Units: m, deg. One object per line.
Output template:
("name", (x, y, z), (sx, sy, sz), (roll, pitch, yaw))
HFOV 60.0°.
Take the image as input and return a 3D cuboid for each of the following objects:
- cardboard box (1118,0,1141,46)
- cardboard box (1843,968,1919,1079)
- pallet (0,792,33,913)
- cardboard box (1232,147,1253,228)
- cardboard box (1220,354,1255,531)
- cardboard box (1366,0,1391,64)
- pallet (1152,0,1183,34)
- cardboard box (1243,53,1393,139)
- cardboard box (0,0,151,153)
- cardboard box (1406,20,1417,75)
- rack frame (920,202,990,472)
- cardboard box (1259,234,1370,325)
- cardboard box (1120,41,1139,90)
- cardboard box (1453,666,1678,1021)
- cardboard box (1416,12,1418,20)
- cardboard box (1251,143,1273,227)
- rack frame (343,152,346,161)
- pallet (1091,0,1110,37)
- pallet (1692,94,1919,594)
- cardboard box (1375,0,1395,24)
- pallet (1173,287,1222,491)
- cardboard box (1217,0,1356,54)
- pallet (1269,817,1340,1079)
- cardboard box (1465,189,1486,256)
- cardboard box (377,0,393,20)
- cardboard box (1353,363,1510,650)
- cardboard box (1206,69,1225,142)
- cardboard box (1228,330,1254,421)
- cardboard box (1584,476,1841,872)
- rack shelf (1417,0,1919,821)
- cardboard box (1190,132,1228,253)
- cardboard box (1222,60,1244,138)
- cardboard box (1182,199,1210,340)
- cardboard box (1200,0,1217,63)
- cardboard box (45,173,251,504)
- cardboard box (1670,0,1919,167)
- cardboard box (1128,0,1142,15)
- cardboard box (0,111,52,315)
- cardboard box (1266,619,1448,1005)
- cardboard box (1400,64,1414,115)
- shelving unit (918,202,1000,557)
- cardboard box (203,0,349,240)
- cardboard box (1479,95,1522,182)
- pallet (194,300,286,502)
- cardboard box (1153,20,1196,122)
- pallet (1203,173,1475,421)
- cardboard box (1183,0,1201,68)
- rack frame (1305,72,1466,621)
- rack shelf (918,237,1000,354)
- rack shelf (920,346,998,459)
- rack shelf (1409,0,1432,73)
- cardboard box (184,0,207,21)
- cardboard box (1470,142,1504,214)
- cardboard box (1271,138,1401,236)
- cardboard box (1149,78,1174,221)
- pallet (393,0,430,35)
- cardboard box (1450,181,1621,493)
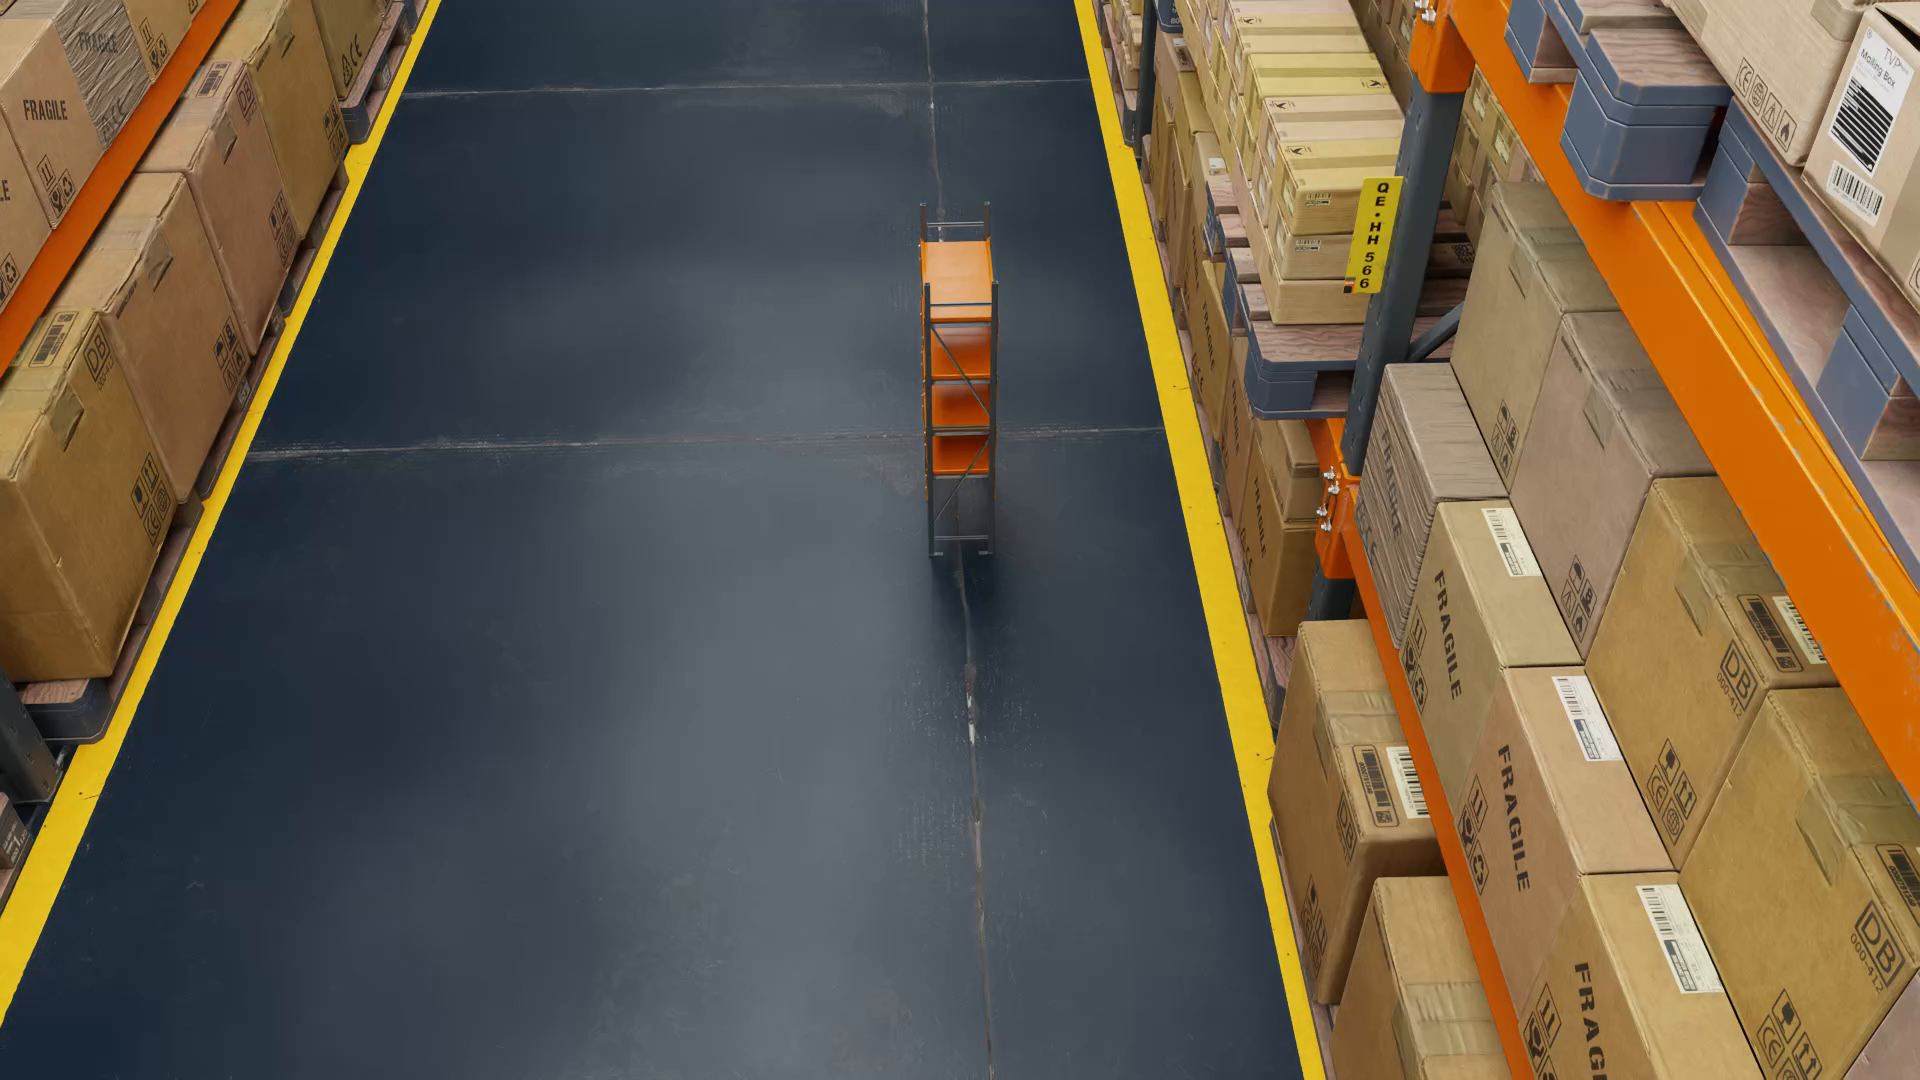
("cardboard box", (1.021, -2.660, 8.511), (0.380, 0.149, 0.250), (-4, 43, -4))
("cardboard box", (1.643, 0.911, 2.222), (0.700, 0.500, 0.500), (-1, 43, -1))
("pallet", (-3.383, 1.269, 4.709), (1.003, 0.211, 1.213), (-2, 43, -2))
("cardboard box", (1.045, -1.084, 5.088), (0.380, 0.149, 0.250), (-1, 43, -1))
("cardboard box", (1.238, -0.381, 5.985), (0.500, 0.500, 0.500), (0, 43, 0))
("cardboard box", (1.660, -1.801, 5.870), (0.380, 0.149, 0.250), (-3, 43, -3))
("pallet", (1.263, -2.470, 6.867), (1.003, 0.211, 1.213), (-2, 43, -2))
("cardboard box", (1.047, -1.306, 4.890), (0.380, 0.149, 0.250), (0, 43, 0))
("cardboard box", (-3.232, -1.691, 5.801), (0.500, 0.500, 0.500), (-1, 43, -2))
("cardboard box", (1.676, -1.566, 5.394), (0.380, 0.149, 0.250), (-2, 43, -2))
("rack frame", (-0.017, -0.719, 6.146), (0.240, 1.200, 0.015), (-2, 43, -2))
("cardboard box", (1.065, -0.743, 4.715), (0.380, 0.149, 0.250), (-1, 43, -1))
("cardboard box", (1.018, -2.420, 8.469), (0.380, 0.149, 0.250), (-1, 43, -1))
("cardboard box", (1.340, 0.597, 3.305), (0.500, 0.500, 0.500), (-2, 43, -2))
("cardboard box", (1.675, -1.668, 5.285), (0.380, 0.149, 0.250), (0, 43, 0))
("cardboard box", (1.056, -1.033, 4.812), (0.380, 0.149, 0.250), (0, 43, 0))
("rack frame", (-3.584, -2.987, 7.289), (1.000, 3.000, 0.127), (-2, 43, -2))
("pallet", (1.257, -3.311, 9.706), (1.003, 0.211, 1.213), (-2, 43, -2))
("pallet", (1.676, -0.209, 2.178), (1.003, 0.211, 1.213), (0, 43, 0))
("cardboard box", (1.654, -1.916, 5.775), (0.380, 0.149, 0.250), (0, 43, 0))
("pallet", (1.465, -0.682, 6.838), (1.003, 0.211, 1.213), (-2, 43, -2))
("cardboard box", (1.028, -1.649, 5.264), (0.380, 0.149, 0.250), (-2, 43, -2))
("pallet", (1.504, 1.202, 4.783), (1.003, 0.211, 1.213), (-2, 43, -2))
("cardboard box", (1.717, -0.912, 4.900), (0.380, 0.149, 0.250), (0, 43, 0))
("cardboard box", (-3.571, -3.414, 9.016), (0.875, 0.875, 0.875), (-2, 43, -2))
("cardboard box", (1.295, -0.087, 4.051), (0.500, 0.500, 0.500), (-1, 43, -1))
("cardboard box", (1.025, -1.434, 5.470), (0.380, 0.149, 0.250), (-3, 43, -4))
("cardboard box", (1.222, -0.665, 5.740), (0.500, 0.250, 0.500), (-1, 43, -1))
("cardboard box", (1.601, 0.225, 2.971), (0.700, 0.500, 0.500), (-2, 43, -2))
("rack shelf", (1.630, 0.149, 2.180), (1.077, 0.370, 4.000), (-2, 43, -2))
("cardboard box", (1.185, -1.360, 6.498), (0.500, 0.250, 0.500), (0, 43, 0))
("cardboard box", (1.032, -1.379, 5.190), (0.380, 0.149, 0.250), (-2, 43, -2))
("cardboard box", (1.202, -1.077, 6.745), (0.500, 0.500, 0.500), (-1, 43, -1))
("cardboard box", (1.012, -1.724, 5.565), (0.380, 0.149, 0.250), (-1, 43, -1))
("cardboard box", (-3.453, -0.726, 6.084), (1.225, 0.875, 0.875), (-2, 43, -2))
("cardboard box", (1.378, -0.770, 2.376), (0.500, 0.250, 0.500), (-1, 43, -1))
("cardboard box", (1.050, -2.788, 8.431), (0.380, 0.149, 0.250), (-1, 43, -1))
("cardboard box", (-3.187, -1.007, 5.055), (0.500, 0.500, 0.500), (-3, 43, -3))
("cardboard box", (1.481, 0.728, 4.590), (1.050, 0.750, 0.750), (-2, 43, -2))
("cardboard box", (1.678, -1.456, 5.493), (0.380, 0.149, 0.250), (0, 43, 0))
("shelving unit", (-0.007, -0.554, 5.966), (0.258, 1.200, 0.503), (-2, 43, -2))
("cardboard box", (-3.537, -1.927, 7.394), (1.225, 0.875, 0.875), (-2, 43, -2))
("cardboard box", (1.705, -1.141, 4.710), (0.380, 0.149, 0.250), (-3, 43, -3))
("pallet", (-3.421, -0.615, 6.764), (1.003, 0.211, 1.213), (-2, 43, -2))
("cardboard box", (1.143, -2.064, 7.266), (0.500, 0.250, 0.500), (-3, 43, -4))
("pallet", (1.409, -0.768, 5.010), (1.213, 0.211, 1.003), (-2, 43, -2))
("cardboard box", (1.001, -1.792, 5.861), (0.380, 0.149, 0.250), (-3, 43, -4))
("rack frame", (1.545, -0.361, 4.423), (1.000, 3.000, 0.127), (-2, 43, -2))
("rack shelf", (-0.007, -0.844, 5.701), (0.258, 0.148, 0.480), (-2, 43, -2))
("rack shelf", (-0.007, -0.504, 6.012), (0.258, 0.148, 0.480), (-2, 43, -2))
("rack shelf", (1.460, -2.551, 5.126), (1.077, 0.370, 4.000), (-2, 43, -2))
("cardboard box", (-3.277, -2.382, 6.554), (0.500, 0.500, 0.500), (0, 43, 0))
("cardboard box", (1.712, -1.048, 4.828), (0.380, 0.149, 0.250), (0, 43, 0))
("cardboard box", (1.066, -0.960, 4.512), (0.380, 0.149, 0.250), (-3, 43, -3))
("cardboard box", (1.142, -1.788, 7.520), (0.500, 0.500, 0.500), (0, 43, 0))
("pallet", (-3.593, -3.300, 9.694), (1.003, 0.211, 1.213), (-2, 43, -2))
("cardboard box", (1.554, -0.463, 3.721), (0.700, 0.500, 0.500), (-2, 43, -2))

AIM OF THE EXERCISE:
Transcribe each line of the data above, unaltered, from the one where "- cardboard box (1670,0,1919,167)" appears to the one where "- pallet (194,300,286,502)" appears, inclusive of both.

ANSWER FOR THE TASK:
- cardboard box (1670,0,1919,167)
- cardboard box (1128,0,1142,15)
- cardboard box (0,111,52,315)
- cardboard box (1266,619,1448,1005)
- cardboard box (1400,64,1414,115)
- shelving unit (918,202,1000,557)
- cardboard box (203,0,349,240)
- cardboard box (1479,95,1522,182)
- pallet (194,300,286,502)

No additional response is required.